Documentation ¶
Overview ¶
Package gomind for a simple Multi Layer Perceptron (MLP) Feed Forward Artificial Neural Network library.
Index ¶
Constants ¶
This section is empty.
Variables ¶
This section is empty.
Functions ¶
This section is empty.
Types ¶
type Model ¶
type Model struct {
// contains filtered or unexported fields
}
Model type defines the neural network's architecture and metadata.
func New ¶
func New(configuration *ModelConfiguration) (*Model, error)
New is used to create a new GoMind network model.
func (*Model) CalculateError ¶
CalculateError function generates the error value for the given target output against the network's last output.
func (*Model) Describe ¶
Describe function prints the current state of the neural network and its components.
func (*Model) LastOutput ¶
LastOutput function returns the last output of the network.
func (*Model) LearnSample ¶
LearnSample function trains the neural network using the given input/output sample.
type ModelConfiguration ¶
type ModelConfiguration struct { NumberOfInputs int // mandatory NumberOfOutputs int // mandatory NumberOfHiddenLayerNeurons int LearningRate float64 HiddenLayerActivationFunctionName string OutputLayerActivationFunctionName string }
ModelConfiguration type defines the network configuration template filled by external code while creating a new model.
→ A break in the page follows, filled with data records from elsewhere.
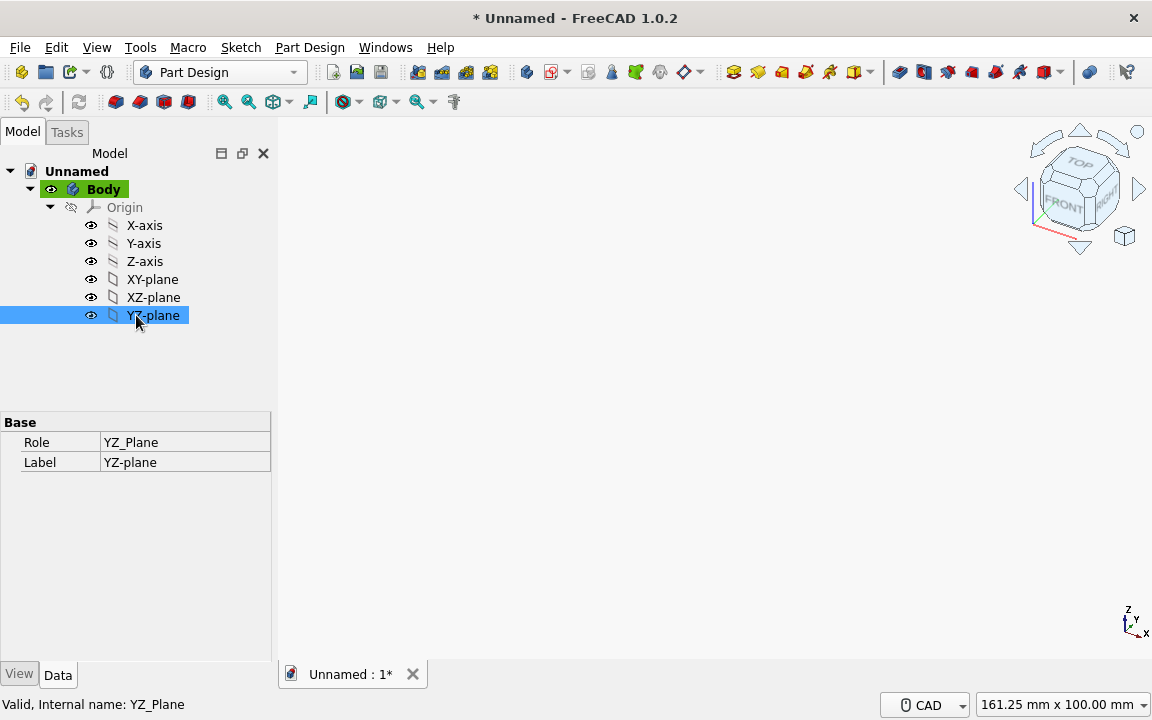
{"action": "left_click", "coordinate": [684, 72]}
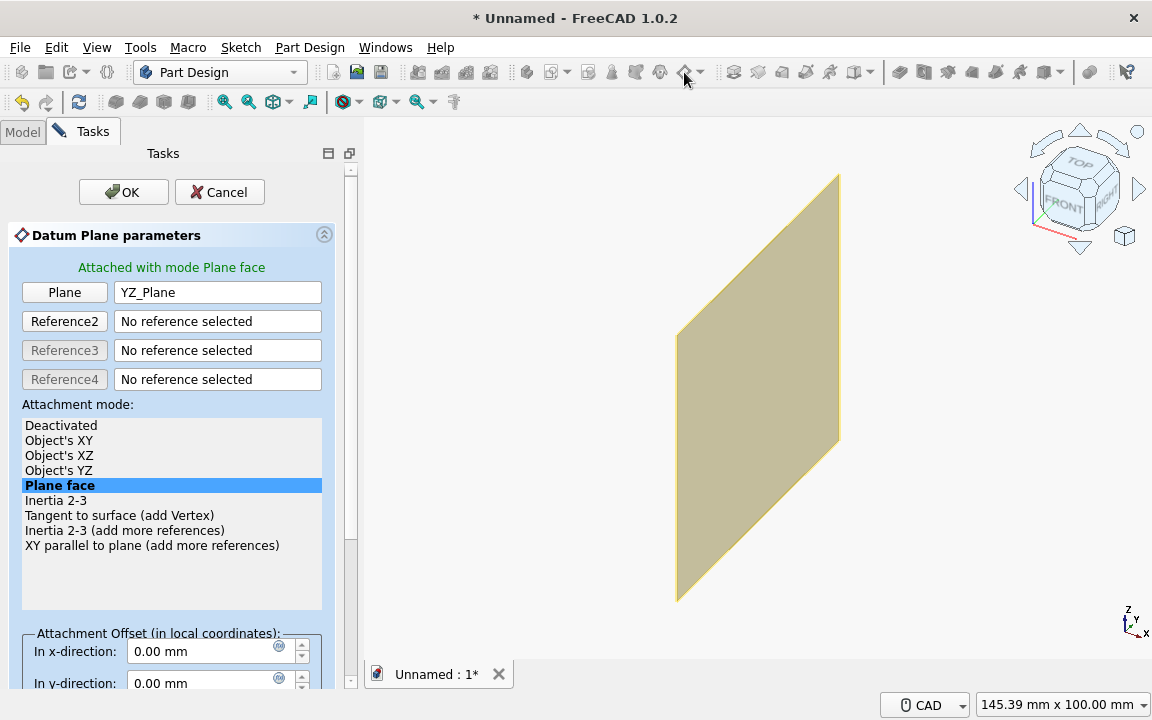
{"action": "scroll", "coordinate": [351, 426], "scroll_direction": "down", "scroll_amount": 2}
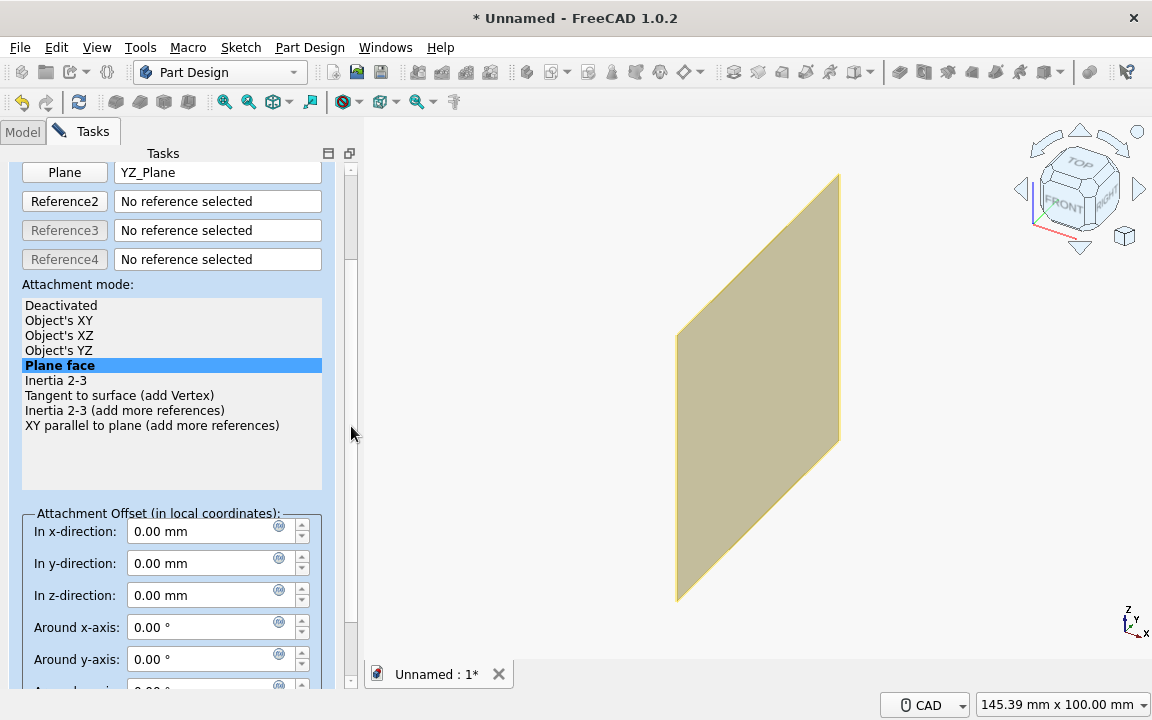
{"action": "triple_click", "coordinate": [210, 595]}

type NeuralNetworkInterface ¶
type NeuralNetworkInterface interface { CalculateOutput(input []float64) []float64 LastOutput() []float64 HiddenLayer() *layer.Layer OutputLayer() *layer.Layer CalculateNewOutputLayerWeights(outputs, targetOutputs []float64) error CalculateNewHiddenLayerWeights() error UpdateWeights() CalculateError(targetOutput []float64) (float64, error) }
NeuralNetworkInterface defines methods used by gomind from network.NeuralNetwork's type.